I have a C# Array of objects that needs to stay in order that I'm trying to filter duplicates out of (not same object refference just same attribute values). The catch is the duplicate that has to go is the first one and the oldest needs to stay.

Current algorithm (semi pseudo code renamed everything) using IEnumerable

        object[] filter(object[] array)
        {
            var set = new HashSet<Guid>();
            var filtered = new List<object>();

            for (int i = array.Length; i-- > 0;)
            {
                var item = array[i];

                if (!set.Contains(item.ID))
                {
                    set.Add(item.ID);
                    filtered = new List<object>(filtered.Prepend(item));
                }
            }

            return filtered.ToArray();
        }

I know it is currently O(n) but I am looking for a very efficient way of doing this.
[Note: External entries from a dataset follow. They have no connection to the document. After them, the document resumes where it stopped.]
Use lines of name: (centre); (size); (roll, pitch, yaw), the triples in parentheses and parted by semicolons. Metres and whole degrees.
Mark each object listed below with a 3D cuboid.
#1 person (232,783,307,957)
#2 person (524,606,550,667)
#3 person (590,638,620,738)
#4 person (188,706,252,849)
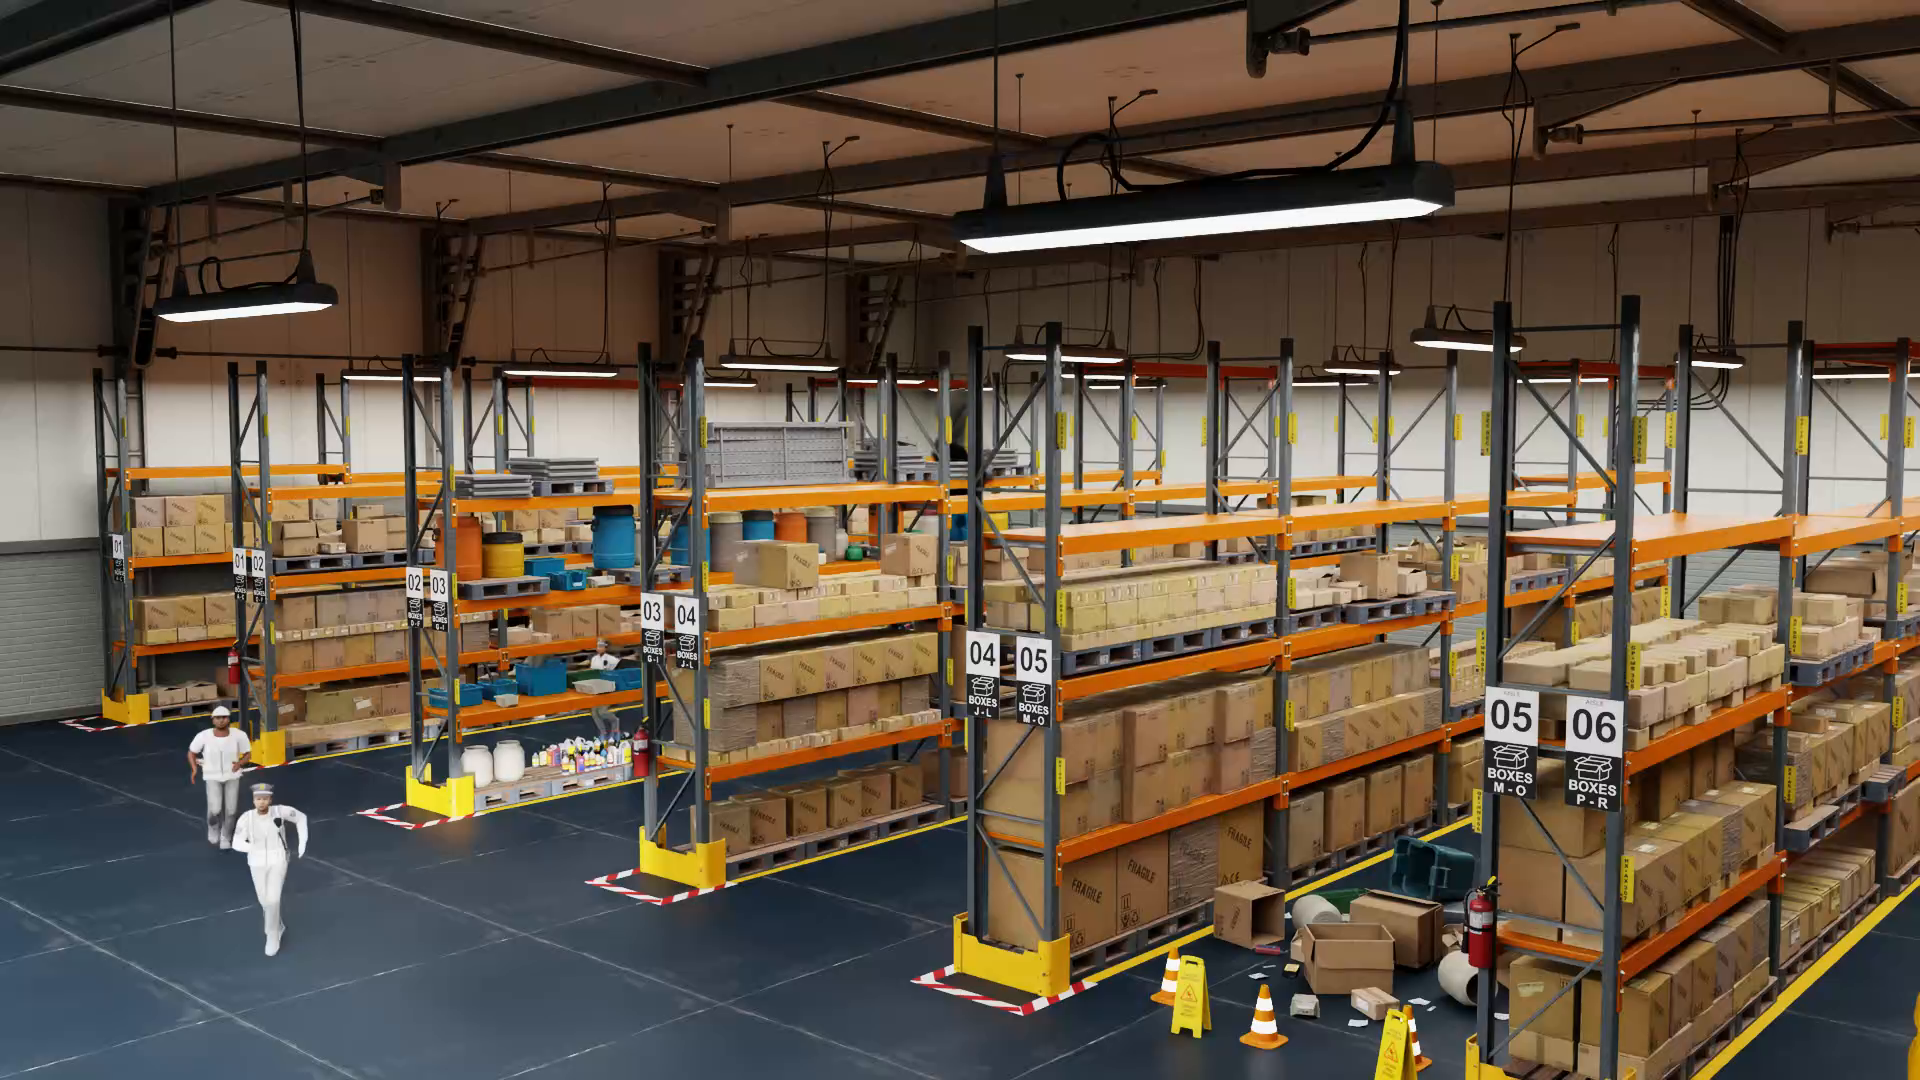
person: (-6.654, 3.142, 16.048); (0.641, 1.685, 0.793); (-1, 4, -14)
person: (-7.794, 2.044, 30.521); (0.643, 1.751, 0.602); (3, 5, 37)
person: (-5.730, 2.382, 26.604); (0.608, 1.649, 0.549); (2, 5, 23)
person: (-8.786, 2.843, 19.789); (0.691, 1.724, 0.590); (-2, 5, -28)
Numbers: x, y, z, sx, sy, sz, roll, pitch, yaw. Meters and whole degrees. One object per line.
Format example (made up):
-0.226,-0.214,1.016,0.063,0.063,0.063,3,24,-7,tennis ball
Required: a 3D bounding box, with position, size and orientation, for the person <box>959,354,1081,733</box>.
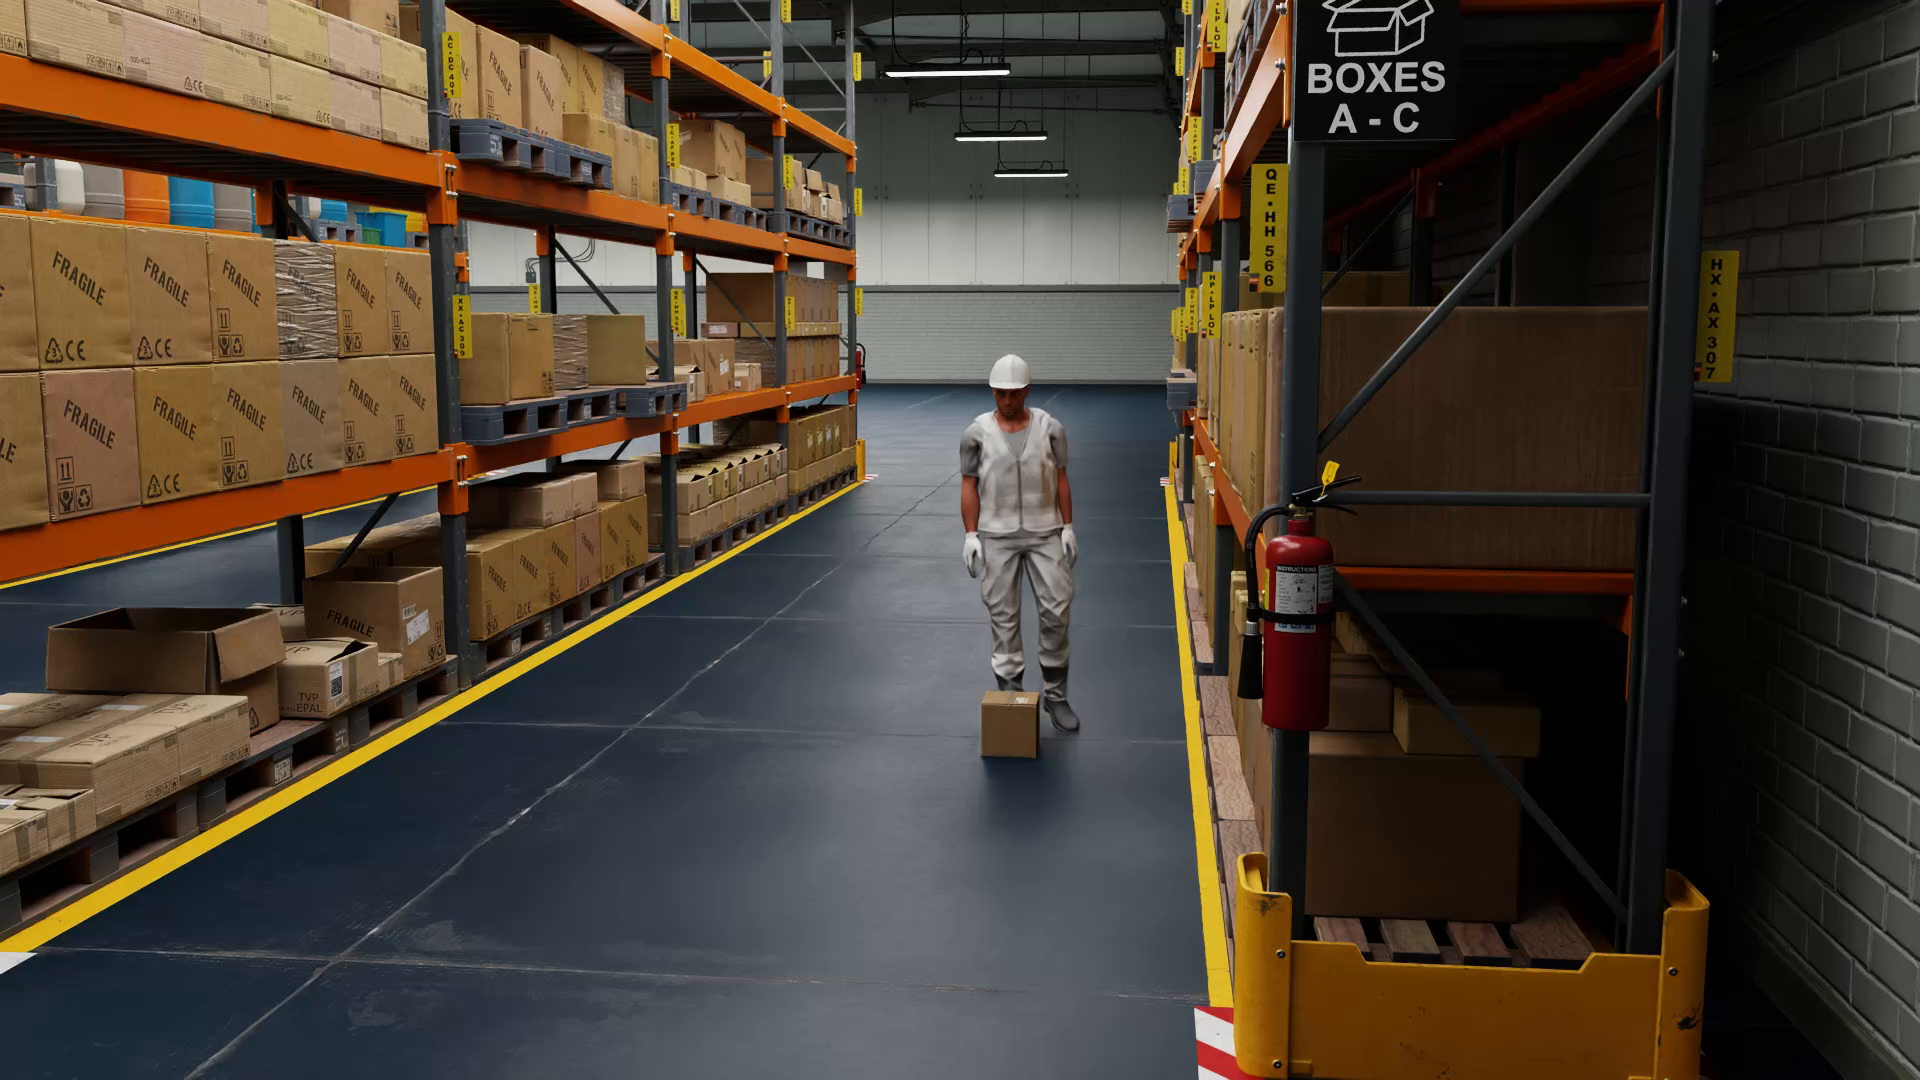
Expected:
0.292,0.027,7.948,0.586,1.818,0.480,0,7,-1,person

If possible with just arrays so I don't need to use .ToArray() and iterate again.

I could just make filtered an array of size array.length and put it in backwards i.e. "filtered[array.length-i] = item" but I don't want to have empty values.

canton7
  • 37,633
  • 3
  • 64
  • 77
JasperDaDolphin
  • 172
  • 1
  • 9
  • 5
    You should just check if `set.Add(item.ID)` returns true, rather than checking `Contains` first. [Docs](https://learn.microsoft.com/en-us/dotnet/api/system.collections.generic.hashset-1.add?view=net-5.0): _"Returns boolean: true if the element is added to the HashSet object; false if the element is already present."_ – ProgrammingLlama Mar 29 '21 at 08:46
  • 2
    Sounds like you need a stack... – Sweeper Mar 29 '21 at 08:47
  • 1
    Given that you don't know how large the output will be, either you need to iterate twice, or you can't go straight for an array. Pick one. – canton7 Mar 29 '21 at 08:55

2 Answers2

3

Pushing to a stack can be thought of as adding to the start of a list, and popping from a stack can be thought of as removing an item from the start of a list.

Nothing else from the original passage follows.